Nucleic acid aptamers have therefore been an exciting avenue for the development of protein probes since their discovery as high affinity binding reagents, first described in the 1990s.^173,174 Since then a number of nucleic acid aptamers have been generated to bind protein biomarkers of diseases such as VEGF,^175,176 thrombin,¹⁷⁷ HIV related proteins,^178,179 PDGF,¹⁸⁰ and NF-κB.¹⁸¹ Also, numerous aptamer-based assays have since been reported and reviewed.^182,183 These assays have been reported to have detection limits as low as fg ml⁻¹. However, the key constraints of aptamer-based bioassays are: (i) the development of aptamers with high affinity and specificity due to the limited chemical diversity of natural nucleotides and (ii) the susceptibility of nucleic acids to be enzymatically digested in cells. XNA aptamers are therefore well positioned to circumvent these limitations and several groups have indeed divulged the enhanced binding capabilities of XNA aptamers to various protein targets as summarized in Table 2. Interestingly, it has been demonstrated that the Ds–Px base pair can be used to generate XNA aptamers that could outcompete previously developed nucleic acid aptamers in binding to IFN-γ and VEGF.²⁰¹ Experimental evidence suggested that the availability of hydrophobic residues on the aptamer facilitates binding by interacting with the hydrophobic domains present on target proteins.

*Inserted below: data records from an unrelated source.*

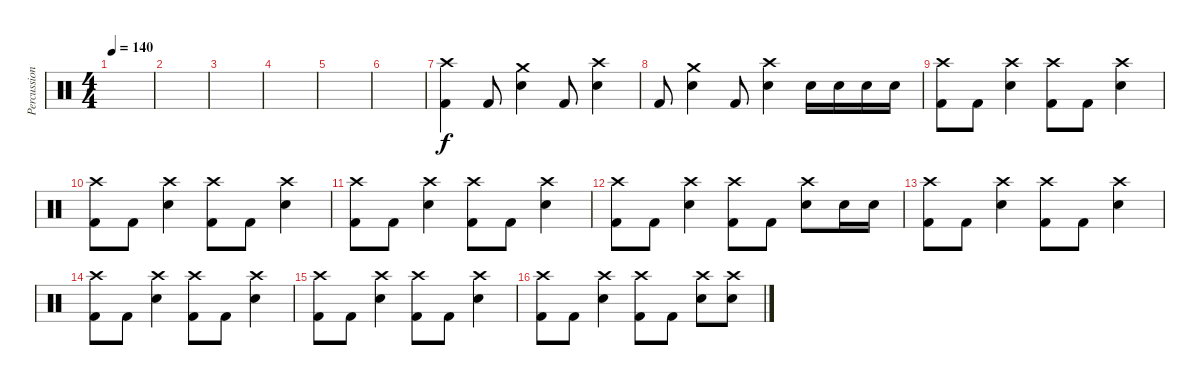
\track ("Percussion" "Percussion") {instrument percussion}
\staff {score}
\articulation defaults
\ts (4 4)
\tempo 140
\clef neutral
\ks c
|
|
|
|
|
|
("Crash high (hit)" "Kick (hit) 2").4 "Kick (hit) 2".8 ("Crash medium (hit)" "Electric Snare (hit)").4 "Kick (hit) 2".8 ("Crash high (hit)" "Electric Snare (hit)").4 |
"Kick (hit) 2".8 ("Crash medium (hit)" "Electric Snare (hit)").4 "Kick (hit) 2".8 ("Crash high (hit)" "Electric Snare (hit)").4 "Electric Snare (hit)".16 "Electric Snare (hit)".16 "Electric Snare (hit)".16 "Electric Snare (hit)".16 |
("Crash high (hit)" "Kick (hit) 2").8 "Kick (hit) 2".8 ("Crash high (hit)" "Electric Snare (hit)").4 ("Crash high (hit)" "Kick (hit) 2").8 "Kick (hit) 2".8 ("Crash high (hit)" "Electric Snare (hit)").4 |
("Crash high (hit)" "Kick (hit) 2").8 "Kick (hit) 2".8 ("Crash high (hit)" "Electric Snare (hit)").4 ("Crash high (hit)" "Kick (hit) 2").8 "Kick (hit) 2".8 ("Crash high (hit)" "Electric Snare (hit)").4 |
("Crash high (hit)" "Kick (hit) 2").8 "Kick (hit) 2".8 ("Crash high (hit)" "Electric Snare (hit)").4 ("Crash high (hit)" "Kick (hit) 2").8 "Kick (hit) 2".8 ("Crash high (hit)" "Electric Snare (hit)").4 |
("Crash high (hit)" "Kick (hit) 2").8 "Kick (hit) 2".8 ("Crash high (hit)" "Electric Snare (hit)").4 ("Crash high (hit)" "Kick (hit) 2").8 "Kick (hit) 2".8 ("Crash high (hit)" "Electric Snare (hit)").8 "Electric Snare (hit)".16 "Electric Snare (hit)".16 |
("Crash high (hit)" "Kick (hit) 2").8 "Kick (hit) 2".8 ("Crash high (hit)" "Electric Snare (hit)").4 ("Crash high (hit)" "Kick (hit) 2").8 "Kick (hit) 2".8 ("Crash high (hit)" "Electric Snare (hit)").4 |
("Crash high (hit)" "Kick (hit) 2").8 "Kick (hit) 2".8 ("Crash high (hit)" "Electric Snare (hit)").4 ("Crash high (hit)" "Kick (hit) 2").8 "Kick (hit) 2".8 ("Crash high (hit)" "Electric Snare (hit)").4 |
("Crash high (hit)" "Kick (hit) 2").8 "Kick (hit) 2".8 ("Crash high (hit)" "Electric Snare (hit)").4 ("Crash high (hit)" "Kick (hit) 2").8 "Kick (hit) 2".8 ("Crash high (hit)" "Electric Snare (hit)").4 |
("Crash high (hit)" "Kick (hit) 2").8 "Kick (hit) 2".8 ("Crash high (hit)" "Electric Snare (hit)").4 ("Crash high (hit)" "Kick (hit) 2").8 "Kick (hit) 2".8 ("Crash high (hit)" "Electric Snare (hit)").8 ("Crash high (hit)" "Electric Snare (hit)").8

Table 2 Summary of some notable XNA aptamers developed for binding protein targets

Nucleic acid modification	Binding target	Ref.
HNA	sTAR	47
	Hen egg lysozyme	48
2′-NH2-pyrimidine	bFGF	184
	hTSH	185
	IgE	186
2′-Me/2′-Fluoro	VEGF	187
	EGFR	188
	PSA	189
	PSMA	190
	HIV-1Ba–L glycoprotein 120	191
	TFPI	192
	CD4	193
Phosphorothiolate	E-selectin	194
	NF-κB	195
	HIV-1 RT	196
	Dengue-2 envelope protein	197
LNA	CD73	198
	Thrombin	199
2′-OMe A/G	IL-23	200
Ds–Px	VEGF, IFN-γ	201

---

The poster child for protein-binding XNA aptamers would perhaps be the slow off-rate modified aptamers (SOMAmers). Selected by SELEX, SOMAmers are DNA aptamers containing 2′-deoxyuridine nucleotides that have modifications on the C5 position of the base.²⁰² These modifications decorate uracil with a variety of residues that attempt to mimic and even transcend the chemical diversity displayed by amino acids as illustrated in Fig. 16. The first generation of SOMAmers born in 2010 have been shown to be capable of binding to many human protein targets.²⁰² So far, SOMAmers specific to more than one thousand different human proteins have been discovered. Moreover, the SOMAscan™ proteomic assay developed based on these SOMAmers is now commercially available. The principle behind the assay is simple and elegant – use the library of characterized SOMAmers to bind proteins, pull down the protein–SOMAmer complexes, wash off non-specific interactions, and deconvolute the products with a DNA microarray that hybridizes to the coded non-binding ends of SOMAmers.²⁰³

Fig. 16 A partial representation of modifications at the C5-position of deoxyuridine available for the preparation of SOMAmers.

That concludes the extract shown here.